In other words, calculating the standard deviation is as simple as taking the square root of
the variance, reversing the squaring we did in the calculation of the variance. In our
example, the standard deviation is equal to the square root of 7.5, or 2.74. The
interpretation doesn't change; a large standard deviation is indicative of greater variability,
whereas a small standard deviation is indicative of a relatively small amount of variability. As
is the case with the variance, the standard deviation is always positive.
Remember: the key difference between the variance and the standard deviation is the unit
of measurement. We calculate the standard deviation in order to put our variable back into
its original metric. "Miles squared" goes back to being just miles, and "comic books
squared" goes back to being just comic books.

Main Points

Measures of central tendency tell us what is common or typical about our variable.

Three measures of central tendency are the mode, the median and the mean.

The mode is used almost exclusively with nominal-level data, as it is the only
measure of central tendency available for such variables. The median is used with
ordinal-level data or when an interval/ratio-level variable is skewed (think of the Bill
Gates example). The mean can only be used with interval/ratio level data.

Measures of variability are numbers that describe how much variation or diversity
there is in a distribution.

Four measures of variability are the range (the difference between the larges and
smallest observations), the interquartile range (the difference between the 75th and
25th percentiles) the variance and the standard deviation.

The variance and standard deviation are two closely related measures of variability
for interval/ratio-level variables that increase or decrease depending on how closely
the observations are clustered around the mean.

## Measures of Central Tendency and Variability in SPSS

To have SPSS calculate measures of central tendency and variability for you, click
"Analyze," "Descriptive Statistics," then "Frequencies." Measures of central tendency and
variability can also be calculated by clicking on either "Descriptives" or "Explore," but
"Frequencies" gives you more control and has the most helpful options to choose from. The
dialog box that opens should be pretty familiar to you by now. As you did when calculating
frequency tables, move the variables for which you would like to calculate measures of
central tendency and variability into the right side of the box. You can uncheck the box
marked "Display frequency tables" if you'd rather not see any tables and would prefer to see
only the statistics. Then click the button on the right labeled "Statistics." From the Dialog box
that opens you may select as many statistics as you would like (Note: SPSS uses the term
"Dispersion" rather than "Variability," but the two words are synonymous).
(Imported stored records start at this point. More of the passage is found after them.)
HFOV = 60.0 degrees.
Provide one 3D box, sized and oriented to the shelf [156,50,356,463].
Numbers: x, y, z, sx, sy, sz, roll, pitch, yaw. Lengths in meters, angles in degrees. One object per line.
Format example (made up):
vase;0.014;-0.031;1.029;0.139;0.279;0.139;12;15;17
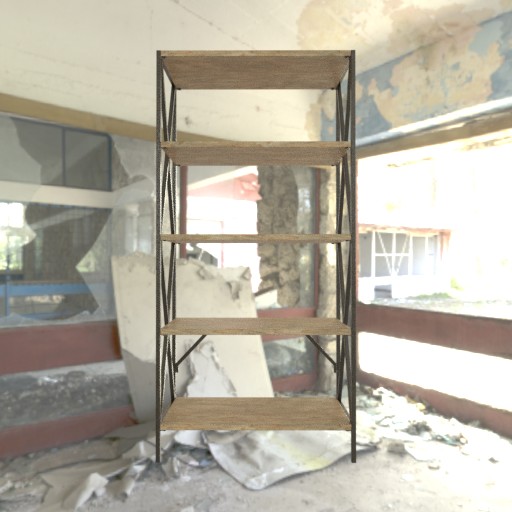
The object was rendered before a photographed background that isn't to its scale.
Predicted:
shelf;0.000;0.000;2.130;0.874;1.803;0.386;0;0;0
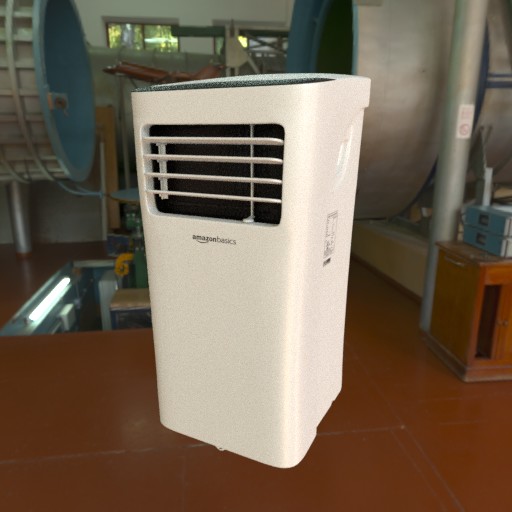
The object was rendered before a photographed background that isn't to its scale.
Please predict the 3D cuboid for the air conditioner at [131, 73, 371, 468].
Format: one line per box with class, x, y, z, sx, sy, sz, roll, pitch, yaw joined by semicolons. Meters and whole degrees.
air conditioner;0.000;0.000;0.907;0.352;0.716;0.369;8;18;26
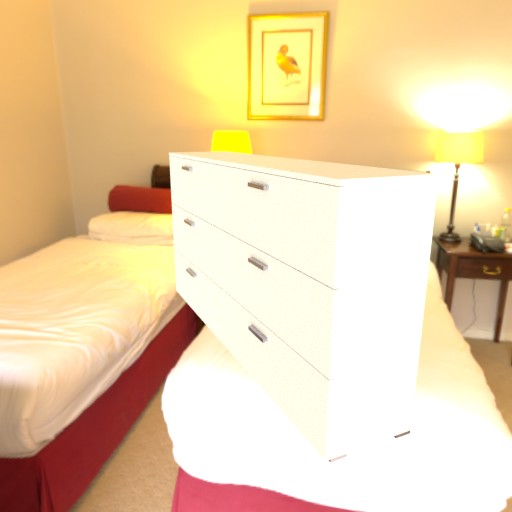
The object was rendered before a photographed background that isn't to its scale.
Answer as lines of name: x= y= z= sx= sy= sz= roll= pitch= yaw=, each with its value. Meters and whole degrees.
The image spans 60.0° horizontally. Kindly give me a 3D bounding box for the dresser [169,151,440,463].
dresser: x=0.000 y=0.000 z=1.857 sx=0.333 sy=0.790 sz=1.535 roll=-7 pitch=17 yaw=-24
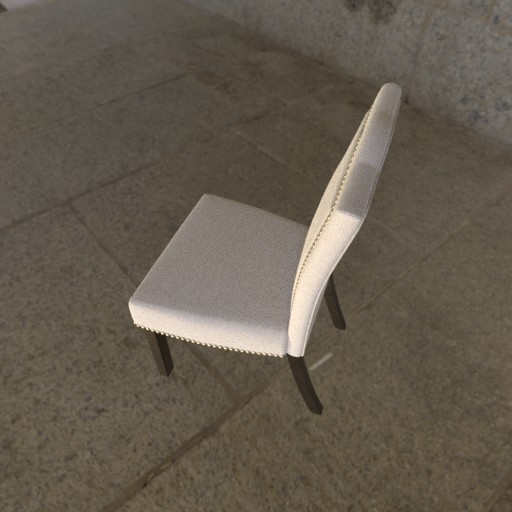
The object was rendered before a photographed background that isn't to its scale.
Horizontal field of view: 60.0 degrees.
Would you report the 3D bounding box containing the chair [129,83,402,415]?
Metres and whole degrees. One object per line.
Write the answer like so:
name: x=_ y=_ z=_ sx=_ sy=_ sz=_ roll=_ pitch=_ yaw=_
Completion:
chair: x=0.000 y=0.000 z=1.281 sx=0.589 sy=0.946 sz=0.518 roll=15 pitch=49 yaw=14
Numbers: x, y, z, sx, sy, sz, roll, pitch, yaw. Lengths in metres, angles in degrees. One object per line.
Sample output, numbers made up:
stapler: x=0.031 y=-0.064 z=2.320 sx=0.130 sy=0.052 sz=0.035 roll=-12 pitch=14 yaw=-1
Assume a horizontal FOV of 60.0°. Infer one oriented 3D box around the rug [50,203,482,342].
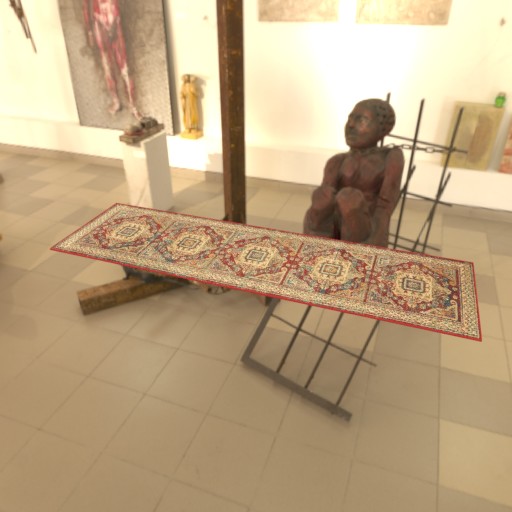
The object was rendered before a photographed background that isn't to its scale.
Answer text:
rug: x=0.000 y=0.000 z=2.489 sx=2.292 sy=0.015 sz=0.659 roll=11 pitch=33 yaw=17
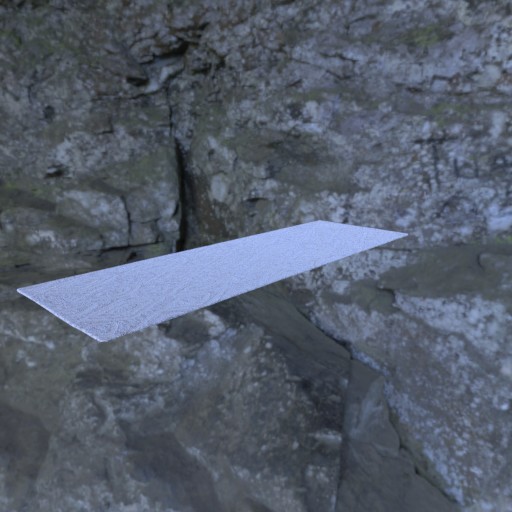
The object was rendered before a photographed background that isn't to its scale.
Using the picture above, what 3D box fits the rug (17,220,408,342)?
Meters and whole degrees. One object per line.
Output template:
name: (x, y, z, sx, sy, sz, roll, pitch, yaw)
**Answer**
rug: (0.000, 0.000, 2.661, 0.807, 0.013, 2.436, 14, 20, 41)
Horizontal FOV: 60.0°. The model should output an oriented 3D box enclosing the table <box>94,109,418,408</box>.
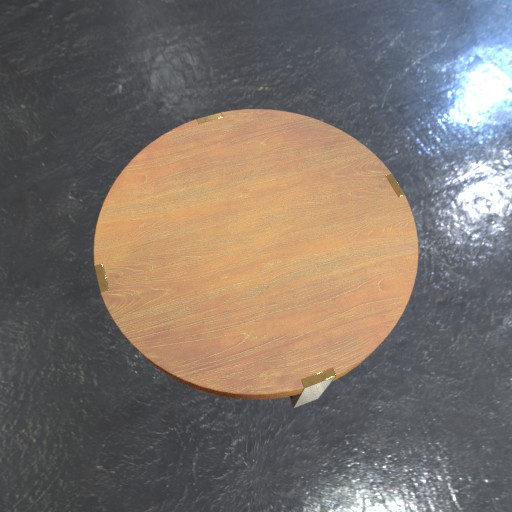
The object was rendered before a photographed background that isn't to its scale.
[{"bbox_3d":[0.000,0.000,1.714,1.100,0.420,1.100,0,64,0],"label":"table"}]
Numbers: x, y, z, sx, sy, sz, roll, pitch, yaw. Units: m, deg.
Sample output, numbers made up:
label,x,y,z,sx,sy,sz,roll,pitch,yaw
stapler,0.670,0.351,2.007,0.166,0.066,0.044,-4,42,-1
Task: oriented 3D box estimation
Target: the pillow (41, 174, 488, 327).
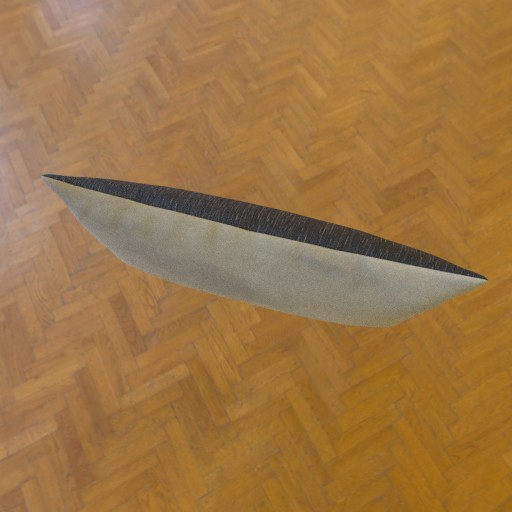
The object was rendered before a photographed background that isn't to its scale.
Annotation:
label,x,y,z,sx,sy,sz,roll,pitch,yaw
pillow,0.000,0.000,0.728,0.608,0.305,0.156,14,65,6
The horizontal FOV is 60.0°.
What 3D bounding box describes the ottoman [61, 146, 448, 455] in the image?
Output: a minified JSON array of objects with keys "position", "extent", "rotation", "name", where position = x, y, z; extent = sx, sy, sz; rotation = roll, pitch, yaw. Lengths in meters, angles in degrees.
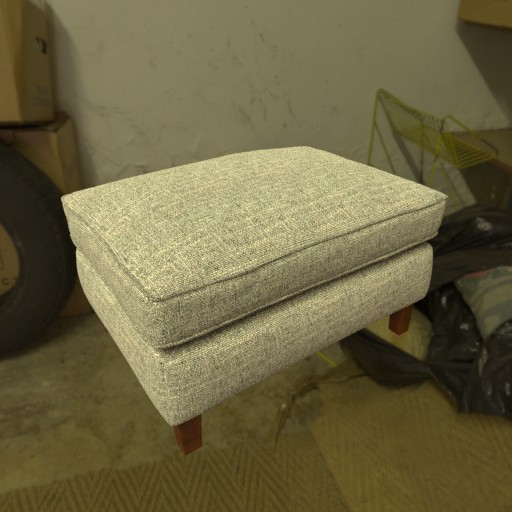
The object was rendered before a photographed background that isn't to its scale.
[{"position":[0.000,0.000,0.990],"extent":[0.686,0.406,0.508],"rotation":[-19,34,-30],"name":"ottoman"}]
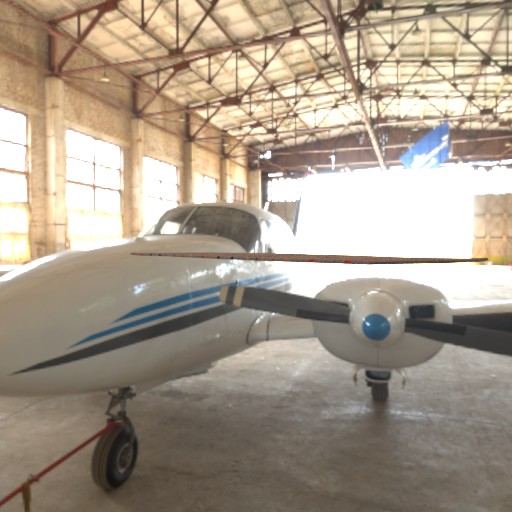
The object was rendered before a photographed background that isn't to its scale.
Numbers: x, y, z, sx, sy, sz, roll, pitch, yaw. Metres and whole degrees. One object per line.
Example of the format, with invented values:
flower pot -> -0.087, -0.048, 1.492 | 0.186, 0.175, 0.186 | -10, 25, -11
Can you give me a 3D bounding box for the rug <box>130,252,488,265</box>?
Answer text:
rug -> 0.000, 0.000, 2.660 | 0.744, 0.022, 2.419 | -1, 2, -34
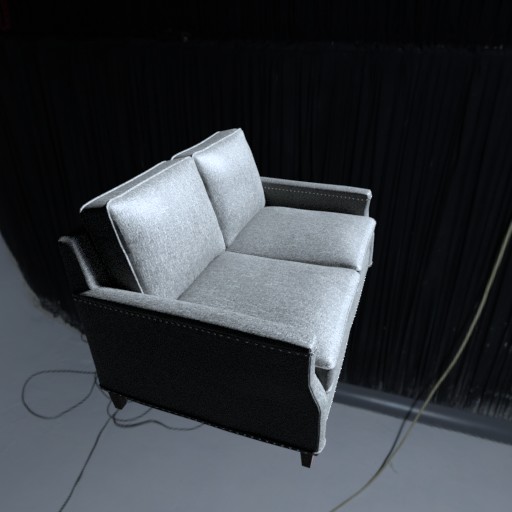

Also, please be
aware that SPSS will calculate statistics for any variable regardless of level of
measurement. It will, for example, calculate a mean for race or gender even though that
makes no sense whatsoever. Male + male + female/3 = 0.66? Totally illogical. This is one of
the many circumstances in which you will have to be smarter than the data analysis
package you are using. Just because SPSS will let you do something doesn't necessarily
mean it's a good idea.
When calculating measures of variability, it is sometimes helpful to include a box plot. To do
so, click on "Graphs," then "Legacy Dialogs" and select "Box Plot." As was the case with the
graphs you created in the previous chapter, you'll have several options from which to
choose. Generally speaking, you'll want one boxplot for each variable, so choose
"Summaries of Separate Variables." Move the variables that you would like to see displayed
as box plots to the empty box on the right and click OK. Should you desire to edit your
boxplots, you can do so in much the same way you did the graphs in Chapter 2.